-- Input follows --

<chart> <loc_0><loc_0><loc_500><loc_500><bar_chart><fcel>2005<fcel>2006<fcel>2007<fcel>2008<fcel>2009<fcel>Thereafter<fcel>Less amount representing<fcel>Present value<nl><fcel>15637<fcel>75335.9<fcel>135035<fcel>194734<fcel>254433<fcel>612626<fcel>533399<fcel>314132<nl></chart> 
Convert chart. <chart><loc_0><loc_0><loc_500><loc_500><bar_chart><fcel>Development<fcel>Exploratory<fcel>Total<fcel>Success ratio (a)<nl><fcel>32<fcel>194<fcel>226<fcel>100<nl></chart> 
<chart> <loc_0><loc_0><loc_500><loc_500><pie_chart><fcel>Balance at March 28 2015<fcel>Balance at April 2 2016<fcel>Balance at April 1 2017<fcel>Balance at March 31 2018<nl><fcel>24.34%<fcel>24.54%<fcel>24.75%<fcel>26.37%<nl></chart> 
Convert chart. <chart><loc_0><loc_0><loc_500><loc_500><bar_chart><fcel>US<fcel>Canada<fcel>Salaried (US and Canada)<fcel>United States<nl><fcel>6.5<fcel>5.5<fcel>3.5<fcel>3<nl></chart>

-- Input concluded --
-- Input follows --

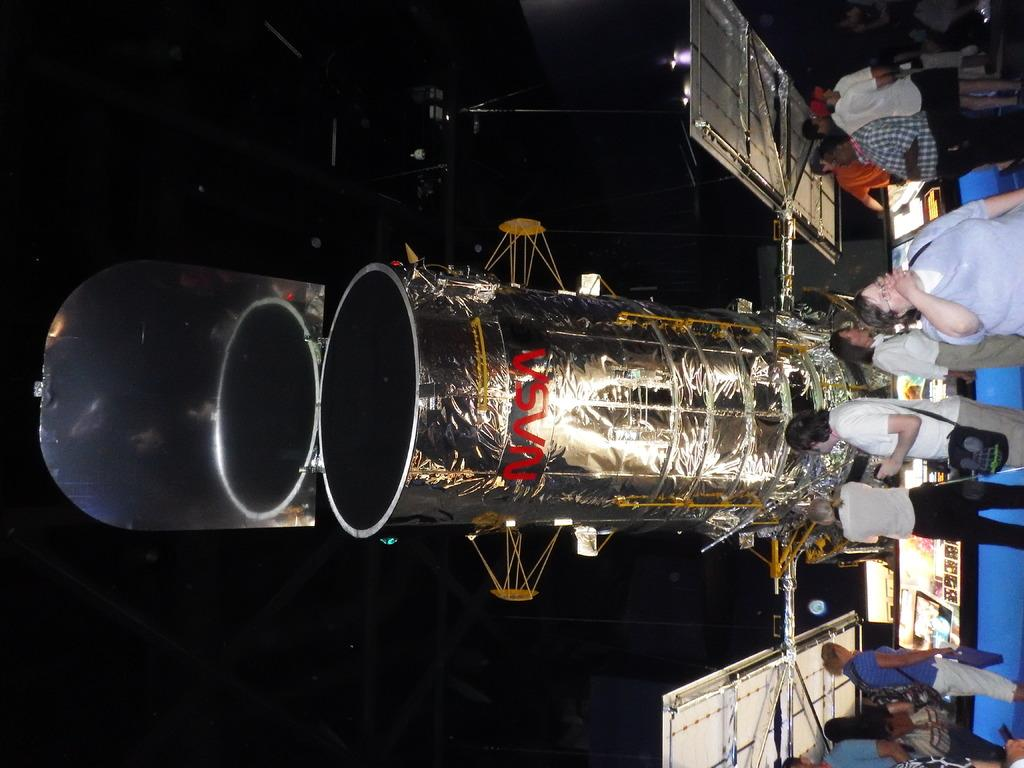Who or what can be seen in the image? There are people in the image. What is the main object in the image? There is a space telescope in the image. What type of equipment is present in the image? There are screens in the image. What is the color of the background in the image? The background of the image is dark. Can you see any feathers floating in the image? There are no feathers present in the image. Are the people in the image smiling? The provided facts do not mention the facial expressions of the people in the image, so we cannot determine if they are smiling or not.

-- Input concluded --
-- Input follows --

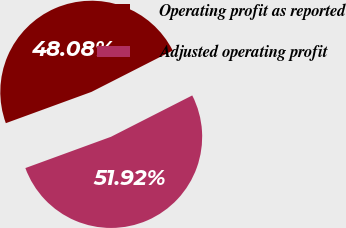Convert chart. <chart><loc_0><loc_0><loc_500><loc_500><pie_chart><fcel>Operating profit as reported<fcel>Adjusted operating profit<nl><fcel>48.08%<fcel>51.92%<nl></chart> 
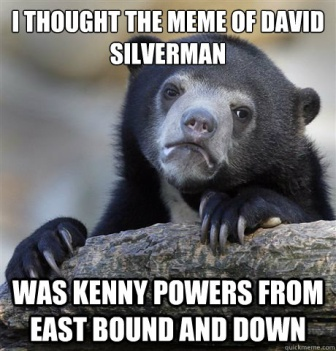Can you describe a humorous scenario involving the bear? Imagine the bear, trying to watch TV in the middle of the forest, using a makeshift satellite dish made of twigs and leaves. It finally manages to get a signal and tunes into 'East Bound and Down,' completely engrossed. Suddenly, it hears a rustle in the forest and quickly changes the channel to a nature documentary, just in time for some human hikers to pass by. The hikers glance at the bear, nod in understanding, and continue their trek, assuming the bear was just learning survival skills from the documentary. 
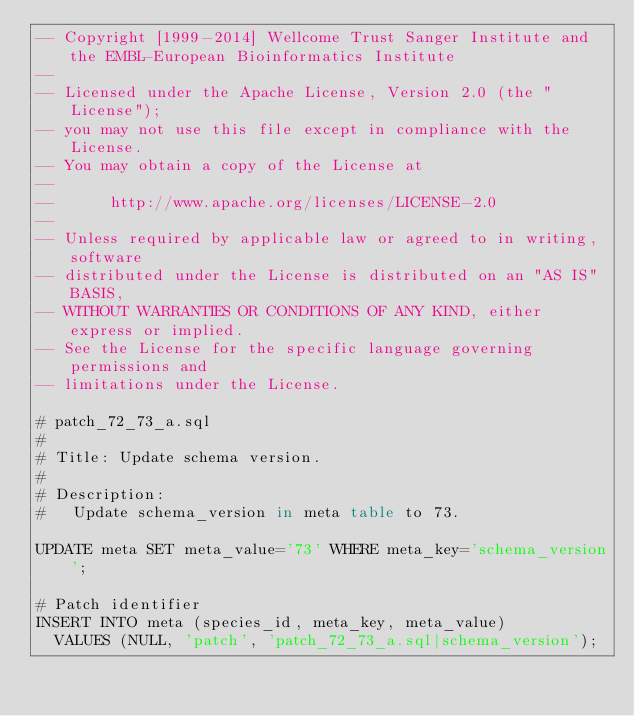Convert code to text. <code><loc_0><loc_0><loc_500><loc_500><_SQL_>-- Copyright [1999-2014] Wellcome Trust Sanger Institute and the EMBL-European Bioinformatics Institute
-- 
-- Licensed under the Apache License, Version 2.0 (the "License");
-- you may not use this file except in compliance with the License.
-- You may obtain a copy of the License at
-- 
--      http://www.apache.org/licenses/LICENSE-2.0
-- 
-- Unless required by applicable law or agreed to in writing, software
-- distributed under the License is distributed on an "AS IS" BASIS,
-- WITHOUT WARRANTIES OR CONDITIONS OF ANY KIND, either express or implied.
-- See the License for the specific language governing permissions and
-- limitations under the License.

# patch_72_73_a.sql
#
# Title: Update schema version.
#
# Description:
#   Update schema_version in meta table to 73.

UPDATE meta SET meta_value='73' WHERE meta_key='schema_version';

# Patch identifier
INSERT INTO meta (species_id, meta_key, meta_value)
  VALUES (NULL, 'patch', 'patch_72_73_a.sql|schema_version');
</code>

-- Input concluded --

Everything from the line with "-- you may not" through the line with "UPDATE meta SET" in the listing above must be retyped exactly, with nothing added.

◆ Answer to this problem
-- you may not use this file except in compliance with the License.
-- You may obtain a copy of the License at
-- 
--      http://www.apache.org/licenses/LICENSE-2.0
-- 
-- Unless required by applicable law or agreed to in writing, software
-- distributed under the License is distributed on an "AS IS" BASIS,
-- WITHOUT WARRANTIES OR CONDITIONS OF ANY KIND, either express or implied.
-- See the License for the specific language governing permissions and
-- limitations under the License.

# patch_72_73_a.sql
#
# Title: Update schema version.
#
# Description:
#   Update schema_version in meta table to 73.

UPDATE meta SET meta_value='73' WHERE meta_key='schema_version';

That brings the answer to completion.